Hayallerin hayallerimdir.
pi’me
Comments(2)
AyçA says:
9 Ocak 2009 at 19:09Şimdi sen bir yazı yazınca benim yorum yazmam komik geliyor sanki yüzyüze konuşmuyormuşuz gibi..
aksilikler oldu
en çok ben gitmek istiyordum buraya
en çok ben gidelim diye tutturup da her seferinde bazılarının katılmaması sonucu ciddi üzülüp sonrada katılmasını arzu ettiğim birçoğunun katıldığı bir faaliyette gerçekten elimde olmayan acil çıkan bir sorun yüzünden orada bulunanmamktan duyduğum derin üzüntüyü biraz yanlış yollarla anlattım galiba
derin üzüldüm..hemde çok derin..
buna hepiniz inanmalısınız..
hayal ettiğin güzel süprizi bozduğum için özür dilerim
her zaman kendine göre özel şeyler bulmakta sen çok başarılısın bunları bozmakta da ben ..

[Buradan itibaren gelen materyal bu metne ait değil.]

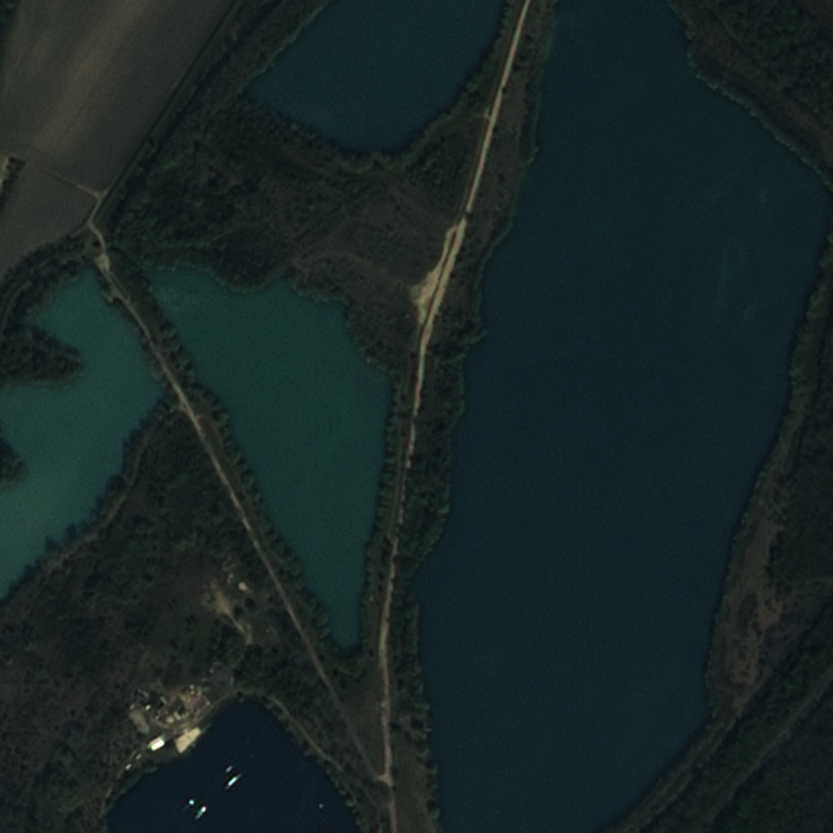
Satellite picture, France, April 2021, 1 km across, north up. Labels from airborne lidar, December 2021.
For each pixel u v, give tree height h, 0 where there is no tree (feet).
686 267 0
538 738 0
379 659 0
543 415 0
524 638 0
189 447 24
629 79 0
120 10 0
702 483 0
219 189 47
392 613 31
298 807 0
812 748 67
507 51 0
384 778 0
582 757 0
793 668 53
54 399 0
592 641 0
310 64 0
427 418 24
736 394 0
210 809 0
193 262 52
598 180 0
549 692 0
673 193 0
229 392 0
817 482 57
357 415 0
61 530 0
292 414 0
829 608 32
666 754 0
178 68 0
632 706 0
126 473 53
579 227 0
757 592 0
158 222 56
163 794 0
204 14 0
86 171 0
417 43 0
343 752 42
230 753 0
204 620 0
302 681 45
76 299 0
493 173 0
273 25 94
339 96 0
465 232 0
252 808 0
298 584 51
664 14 0
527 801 0
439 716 0
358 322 29
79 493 0
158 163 46
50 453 0
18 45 0
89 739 27
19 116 0
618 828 51
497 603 0
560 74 0
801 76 50
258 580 40
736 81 27
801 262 0
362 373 0
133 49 0
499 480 0
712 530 0
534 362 0
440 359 47
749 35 55
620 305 0
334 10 0
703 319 0
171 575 0
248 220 39
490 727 0
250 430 0
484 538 0
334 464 0
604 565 0
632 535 0
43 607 21
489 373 0
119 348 0
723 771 56
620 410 0
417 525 41
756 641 0
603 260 0
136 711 0
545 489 0
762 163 0
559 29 0
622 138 0
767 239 0
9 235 0
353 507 0
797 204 0
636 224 0
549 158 0
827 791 73
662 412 0
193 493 22
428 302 0
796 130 22
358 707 0
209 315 0
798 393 47
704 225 0
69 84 0
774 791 77
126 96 0
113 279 0
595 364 0
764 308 0
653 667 0
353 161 46
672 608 0
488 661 0
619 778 0
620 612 0
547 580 0
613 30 0
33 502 0
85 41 0
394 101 0
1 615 31
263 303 0
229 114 31
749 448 0
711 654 30
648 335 0
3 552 0
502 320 0
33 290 27
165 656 0
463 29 0
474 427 0
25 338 87
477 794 0
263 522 49
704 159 0
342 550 0
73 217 0
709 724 48
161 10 0
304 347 0
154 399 0
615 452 0
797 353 55
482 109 40
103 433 0
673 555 0
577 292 0
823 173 47
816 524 44
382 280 0

yine de hepsi için teşekkür ederim
hepinize başta pi’me..
bu fotoğrafların içinde olmamak sanki bir daha hiç olamayacakmışım hissiyatımı pekiştirdi.. ama öyle değil gerçek..
kar kokusunu özledim
karın içinde uyanmayı.. üşümeyi.. senin yaptığın sıcak tarhanayı beni ısıtmak için..
pasta güzeldi.. 2 saat kestane ayıklayan ellerinize sağlık.. sırtınızda taşıyan gücünüze sağlık..
ve iki gün sonra hala bana süpriz yapma çabalarınıza sağlık..
çiçeklere..ikinci pastaya..mozaik fotoğraflara.. kaan’ın sil mesajına 😀
hepinizi seviyorum.. beni huysuz bulsanız da..:D
biliyorum ki siz de beni seviyorsunuz 😛
ay yaşayın var olun birazdan ağlayacağım bunları yazarken..
yeter
gittim
Blogcu Dayı says:
12 Ocak 2009 at 15:23Ayça sen ağlamadın ama benim gözlerim doldu valla. Biraz daha yazmaya devam etseydin hüngür şakır ağlayacaktım… Tam zamanında bitirmişsin yazıyı.